— WHAT IS REQUIRED —
Give back exactly the lines of the material below, starting with the line with "You are a computer-use agent." and going on through the line with "Instruction: Find the".

— DATA FOR THE TASK —
● ● ● ●

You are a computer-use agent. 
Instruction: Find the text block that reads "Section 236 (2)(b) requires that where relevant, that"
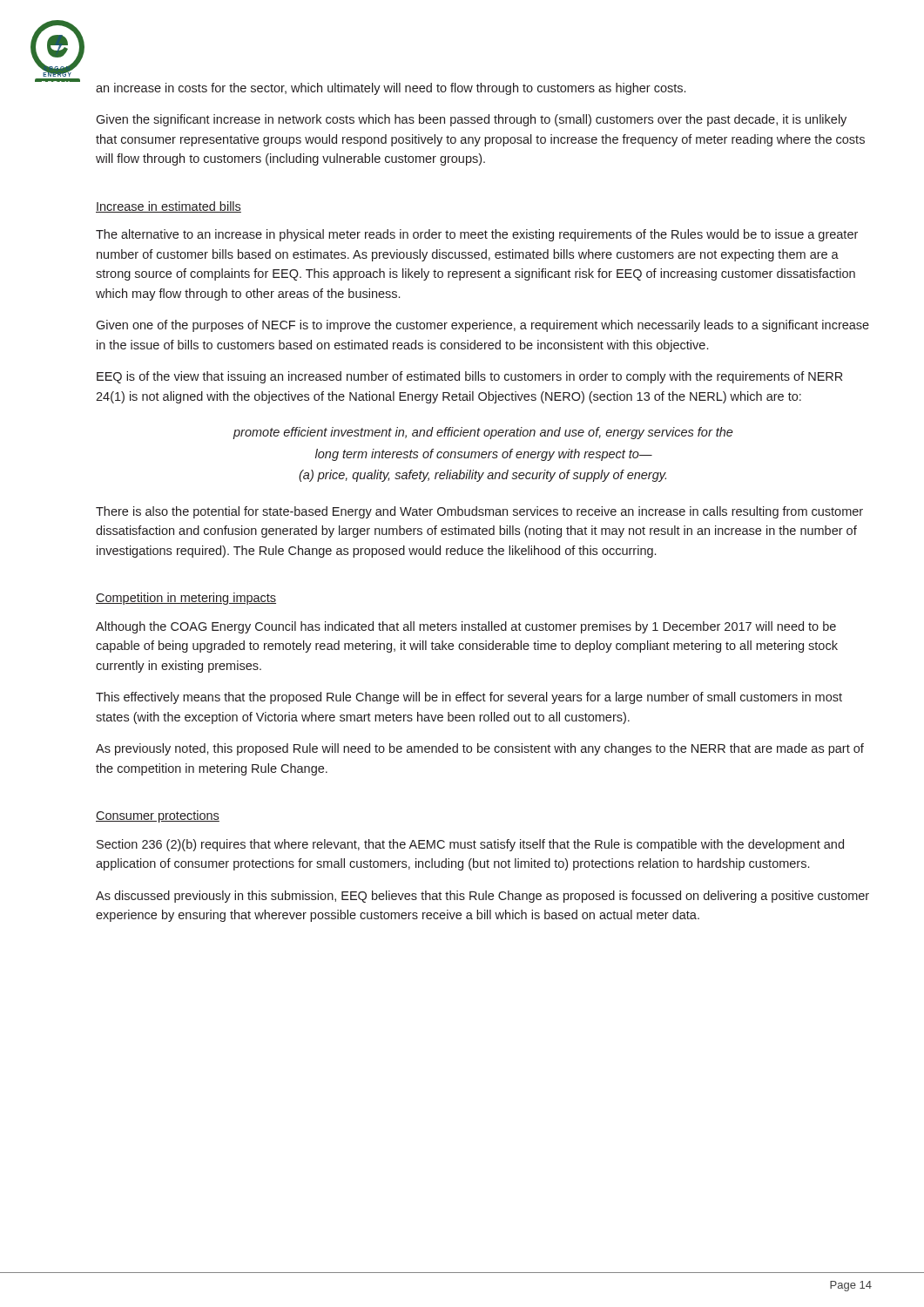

● ● ● ●

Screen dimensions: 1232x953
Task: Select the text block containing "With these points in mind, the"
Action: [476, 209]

● ● ● ●

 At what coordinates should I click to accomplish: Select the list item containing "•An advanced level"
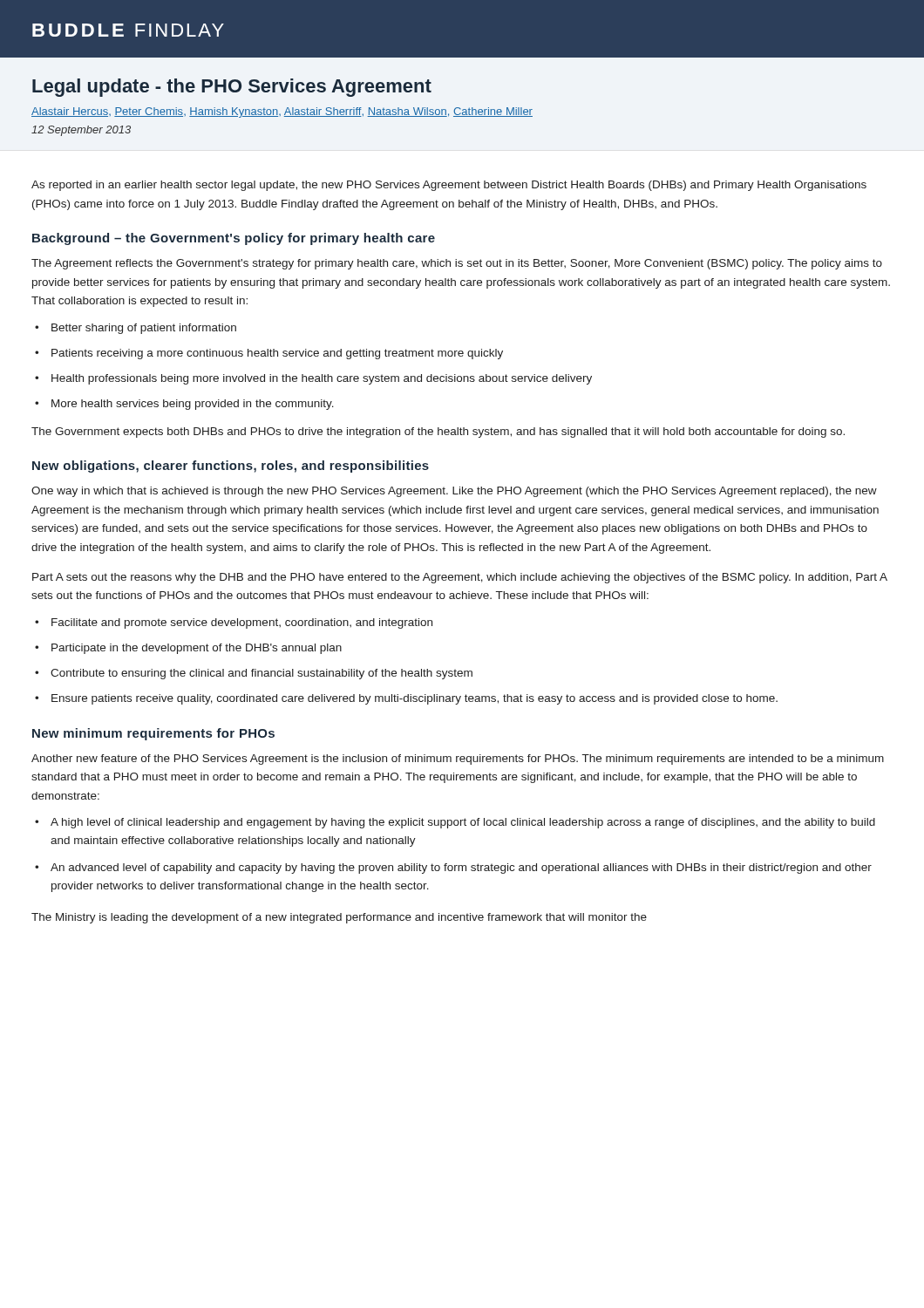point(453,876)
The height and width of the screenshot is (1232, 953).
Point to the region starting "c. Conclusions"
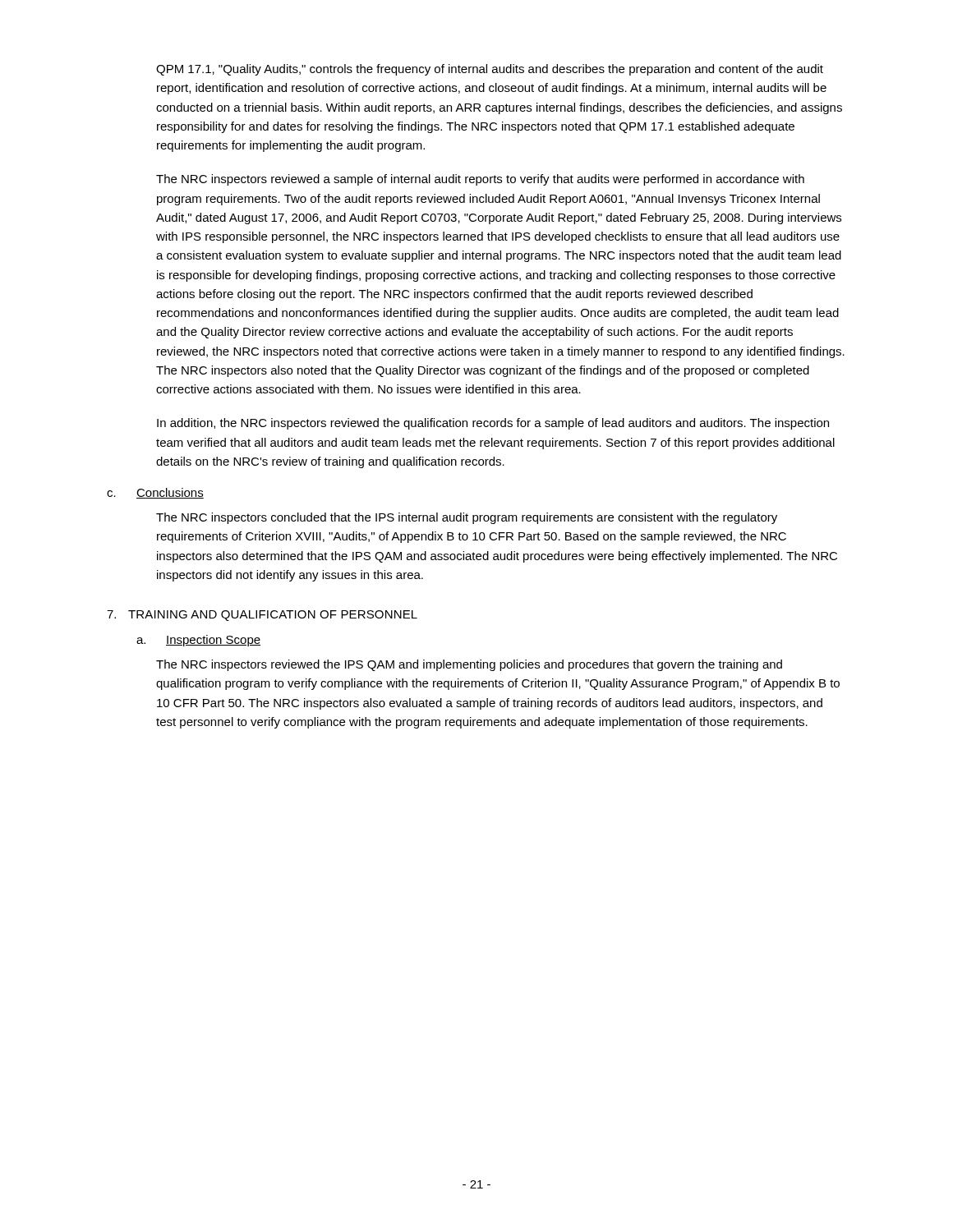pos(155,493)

● ● ● ●

— RESULT OF THE EXERCISE —
You are a computer-use agent. 
Instruction: Find the text block that reads "Section 236 (2)(b) requires that where relevant, that"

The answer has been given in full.